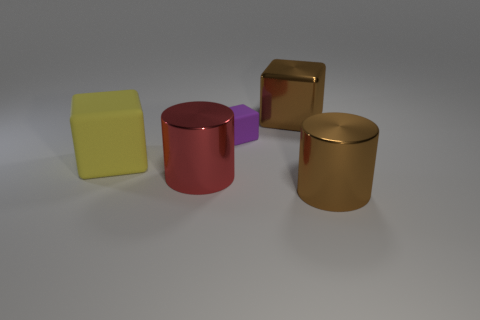There is a tiny purple matte cube; how many large shiny blocks are right of it?
Keep it short and to the point. 1. The large thing right of the big thing behind the large yellow block is made of what material?
Your answer should be compact. Metal. Are there any tiny rubber things of the same color as the big rubber thing?
Your response must be concise. No. There is a purple cube that is made of the same material as the large yellow block; what is its size?
Ensure brevity in your answer.  Small. Are there any other things that have the same color as the tiny block?
Provide a short and direct response. No. There is a rubber thing that is to the left of the red cylinder; what is its color?
Your response must be concise. Yellow. There is a big brown thing in front of the metallic cube that is right of the yellow cube; are there any big red objects that are in front of it?
Offer a very short reply. No. Are there more rubber cubes to the right of the brown metal cube than big cyan cubes?
Keep it short and to the point. No. Do the rubber thing that is on the left side of the large red metal thing and the small object have the same shape?
Your answer should be compact. Yes. Is there any other thing that has the same material as the purple thing?
Make the answer very short. Yes. 
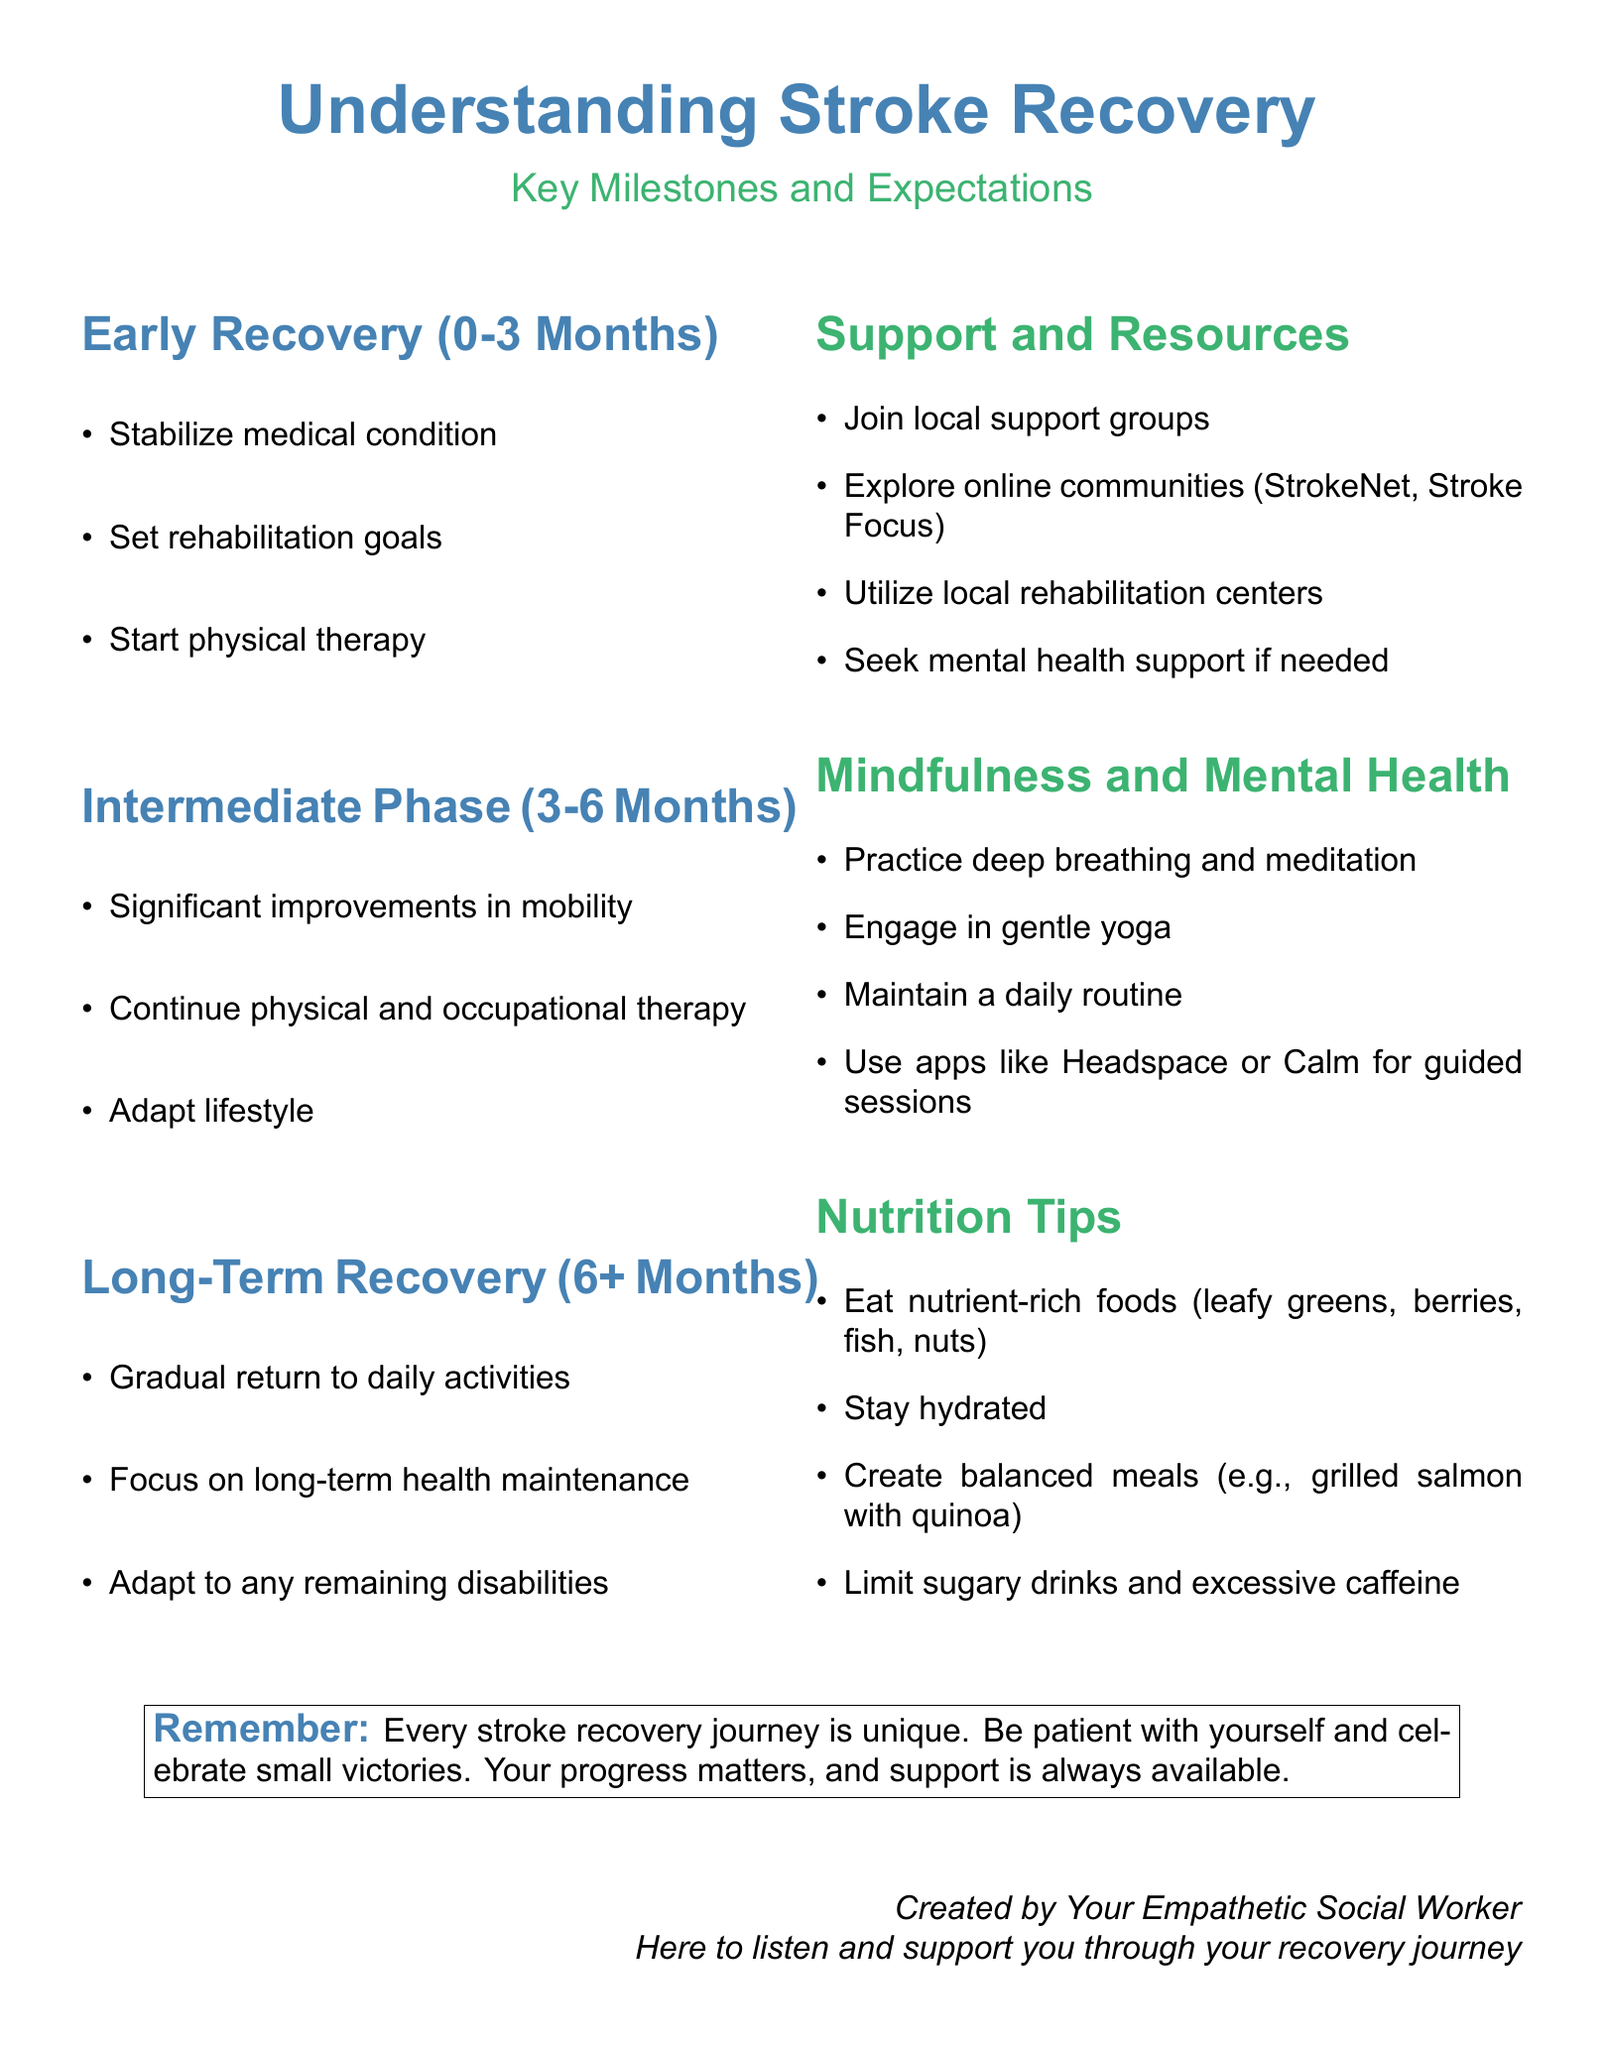What are the key phases of stroke recovery? The document lists Early Recovery, Intermediate Phase, and Long-Term Recovery as the key phases of stroke recovery.
Answer: Early Recovery, Intermediate Phase, Long-Term Recovery What is the time frame for Early Recovery? Early Recovery is specified in the document as lasting from 0 to 3 months.
Answer: 0-3 Months What is one activity recommended during the Intermediate Phase? The document suggests that significant improvements in mobility occur during the Intermediate Phase.
Answer: Significant improvements in mobility How long is the Long-Term Recovery phase? Long-Term Recovery starts after 6 months and continues indefinitely.
Answer: 6+ Months What is one support option mentioned for stroke survivors? The document lists joining local support groups as a support option for stroke survivors.
Answer: Join local support groups What type of exercise is suggested for mental health during recovery? The document recommends engaging in gentle yoga as a mindfulness practice.
Answer: Gentle yoga What is a nutritional tip provided in the flyer? The flyer advises eating nutrient-rich foods such as leafy greens, berries, fish, and nuts.
Answer: Eat nutrient-rich foods What does the document encourage individuals to celebrate? The document emphasizes celebrating small victories during the recovery journey.
Answer: Small victories Who created the flyer? The document credits the creation to an empathetic social worker who supports stroke recovery.
Answer: Your Empathetic Social Worker
_ _ _ _
ACTIVITY - When the line with "Answer: 0-3 Months" is reached in the data above, start copying there, and copy each line exactly until the line with "Answer: Gentle yoga" has been copied; copy nothing else.

RESULT OF THE EXERCISE -
Answer: 0-3 Months What is one activity recommended during the Intermediate Phase? The document suggests that significant improvements in mobility occur during the Intermediate Phase.
Answer: Significant improvements in mobility How long is the Long-Term Recovery phase? Long-Term Recovery starts after 6 months and continues indefinitely.
Answer: 6+ Months What is one support option mentioned for stroke survivors? The document lists joining local support groups as a support option for stroke survivors.
Answer: Join local support groups What type of exercise is suggested for mental health during recovery? The document recommends engaging in gentle yoga as a mindfulness practice.
Answer: Gentle yoga What is a nutritional tip provided in the flyer? The flyer advises eating nutrient-rich foods such as leafy greens, berries, fish, and nuts.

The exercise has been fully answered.